__Available data__
•••••
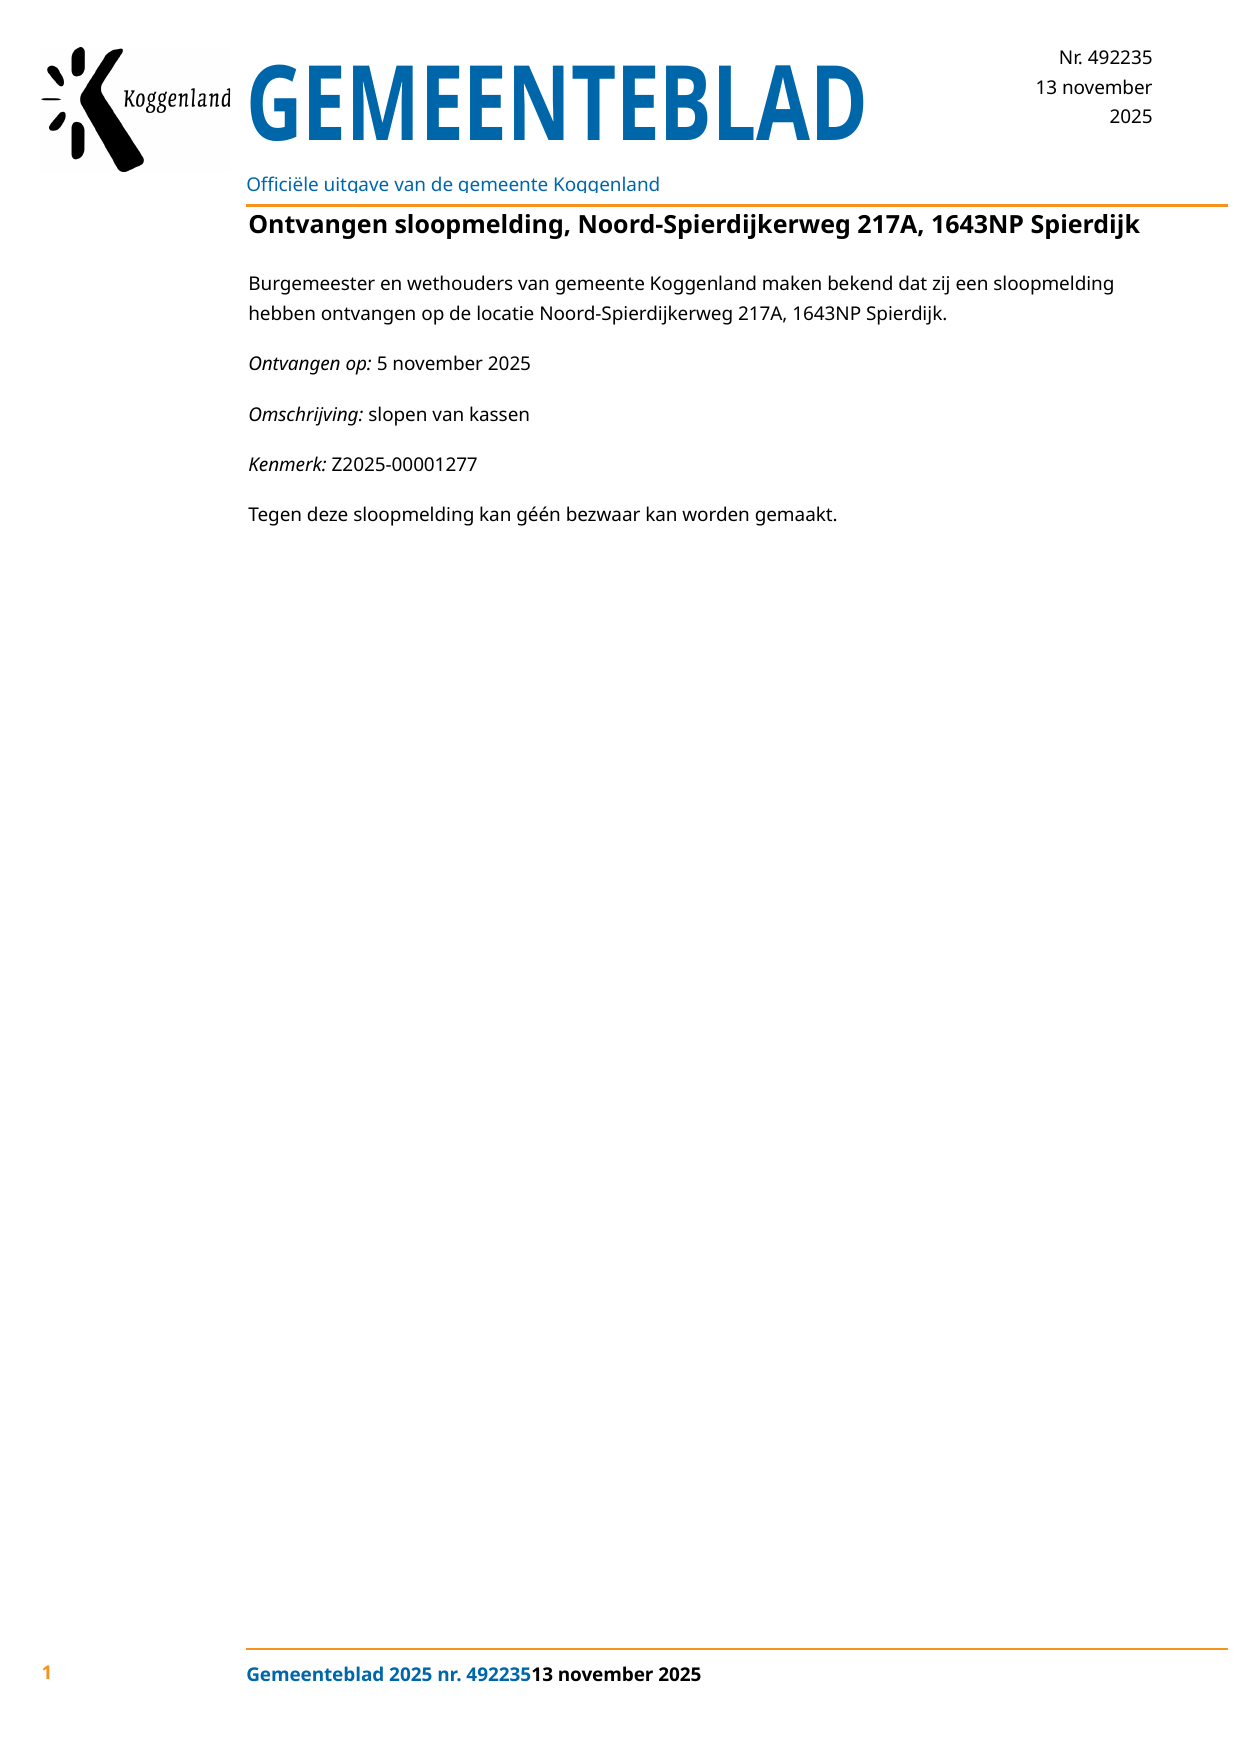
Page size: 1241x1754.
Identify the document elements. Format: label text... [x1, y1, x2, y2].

text Kenmerk: Z2025-00001277 [248, 451, 1152, 477]
text Tegen deze sloopmelding kan géén bezwaar kan worden gemaakt. [248, 502, 1152, 527]
text Ontvangen op: 5 november 2025 [248, 350, 1152, 376]
text Burgemeester en wethouders van gemeente Koggenland maken bekend dat zij een sloopmelding hebben ontvangen op de locatie Noord-Spierdijkerweg 217A, 1643NP Spierdijk. [248, 270, 1152, 326]
picture [41, 47, 231, 172]
text Ontvangen sloopmelding, Noord-Spierdijkerweg 217A, 1643NP Spierdijk [248, 207, 1152, 241]
text Omschrijving: slopen van kassen [248, 401, 1152, 426]
•••••
__Description of the task__
Text only, please: give the listing again word for word with no images.

__Expected answer__
Page size: 1241x1754.
Identify the document elements. Format: label text... [x1, y1, x2, y2].

text Kenmerk: Z2025-00001277 [248, 451, 1152, 477]
text Tegen deze sloopmelding kan géén bezwaar kan worden gemaakt. [248, 502, 1152, 527]
text Ontvangen op: 5 november 2025 [248, 350, 1152, 376]
text Burgemeester en wethouders van gemeente Koggenland maken bekend dat zij een sloopmelding hebben ontvangen op de locatie Noord-Spierdijkerweg 217A, 1643NP Spierdijk. [248, 270, 1152, 326]
picture [41, 47, 231, 172]
text Ontvangen sloopmelding, Noord-Spierdijkerweg 217A, 1643NP Spierdijk [248, 207, 1152, 241]
text Omschrijving: slopen van kassen [248, 401, 1152, 426]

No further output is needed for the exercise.